Lethal crop: An Afghan poppy farmer

His neighbour, Tom Allen, has a 15-acre poppy field and said: "We simply had to prepare the land, drill it and watch the crop grow. Macfarlan Smith takes care of the harvesting and transport of the poppy heads. I think we'll do it again next year."

A spokesman for Macfarlan Smith's parent company, Johnson Matthey, said: "We have a number of farmers under contract to grow poppies, which we then harvest. You can extract morphine and codeine from the poppies' capsules.

"We are the only company processing poppies in this way in the UK. The same crop is grown in Afghanistan, India and Turkey for illegitimate reasons."

The opiate from which both morphine and heroin are derived is found in the milky white sap contained in the poppy's capsules.

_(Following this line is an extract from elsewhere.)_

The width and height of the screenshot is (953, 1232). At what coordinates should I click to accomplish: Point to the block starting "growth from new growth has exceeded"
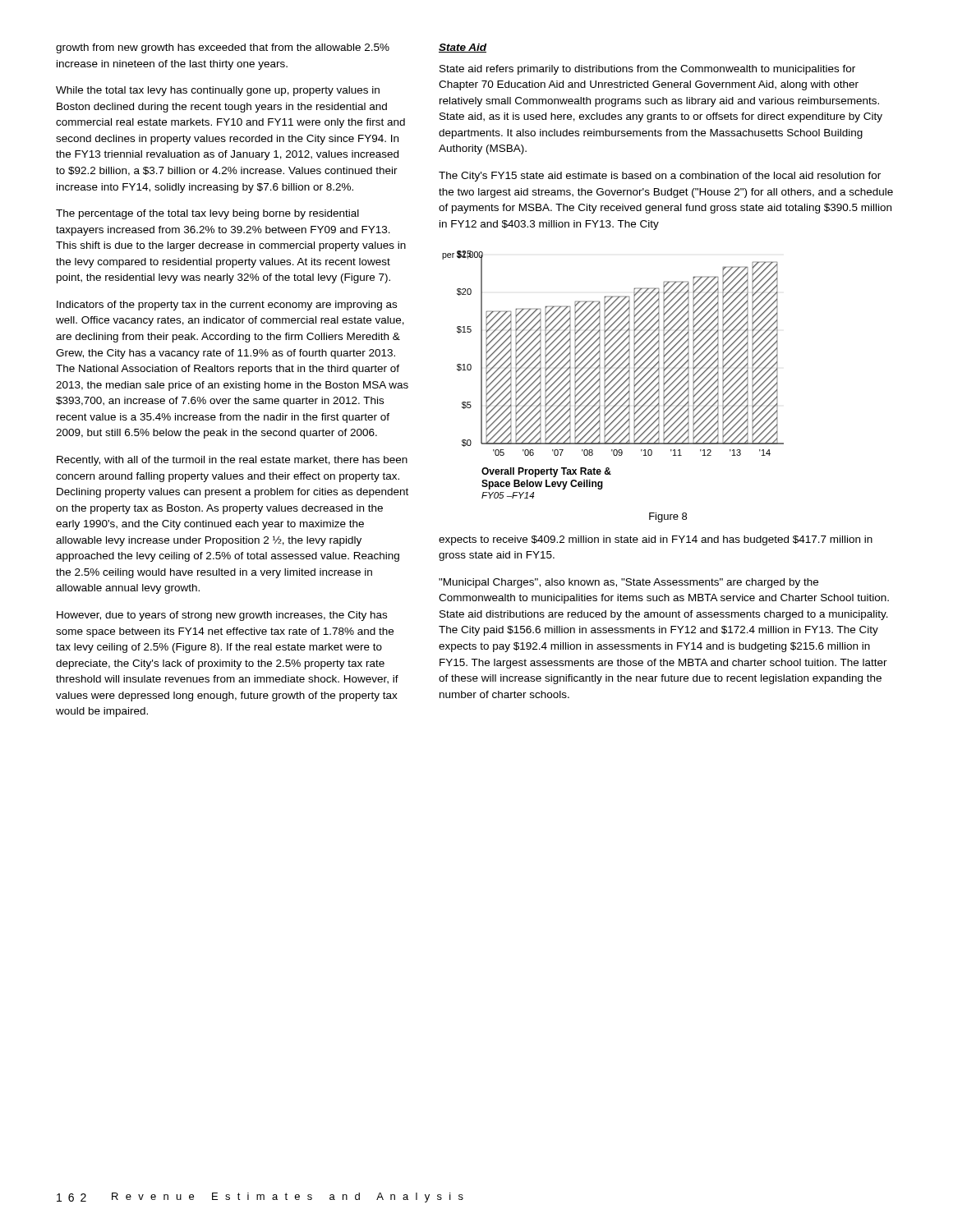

It hardens into a sticky brown resin.

Despite the efforts of British troops, Afghanistan still generates 90 per cent of the world's heroin output.

Cultivation of the crop for legal means has expanded rapidly in Britain since trials began six years ago - but the global morphine shortage is so severe that Foreign Office Minister Lord Malloch-Brown has raised the possibility of legalising opium growing in Afghanistan.

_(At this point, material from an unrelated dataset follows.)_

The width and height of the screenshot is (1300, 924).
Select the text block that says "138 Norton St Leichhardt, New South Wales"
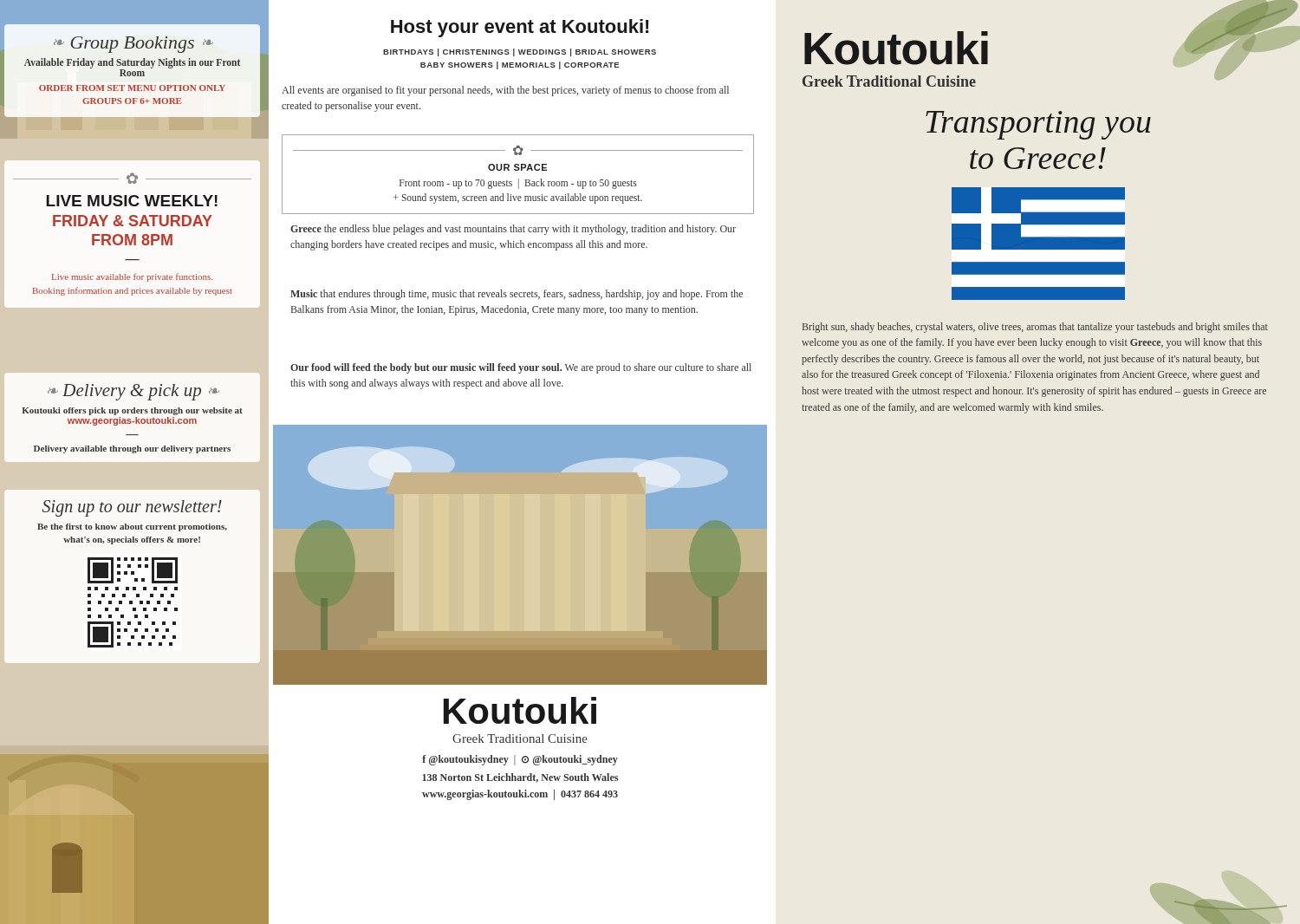[520, 786]

A Home Office spokeswoman said: "The poppies in question, Papaver somniferum, can be grown without a licence. The extraction of the drugs is a complex industrial process and the people who work to produce the drugs have to be licensed.

"In addition, the Home Office receives information about where the poppy farmers are and how much they are growing from the pharmaceutical companies. We then send growers a letter that they are encour-aged to show to local police to make them aware of their activities."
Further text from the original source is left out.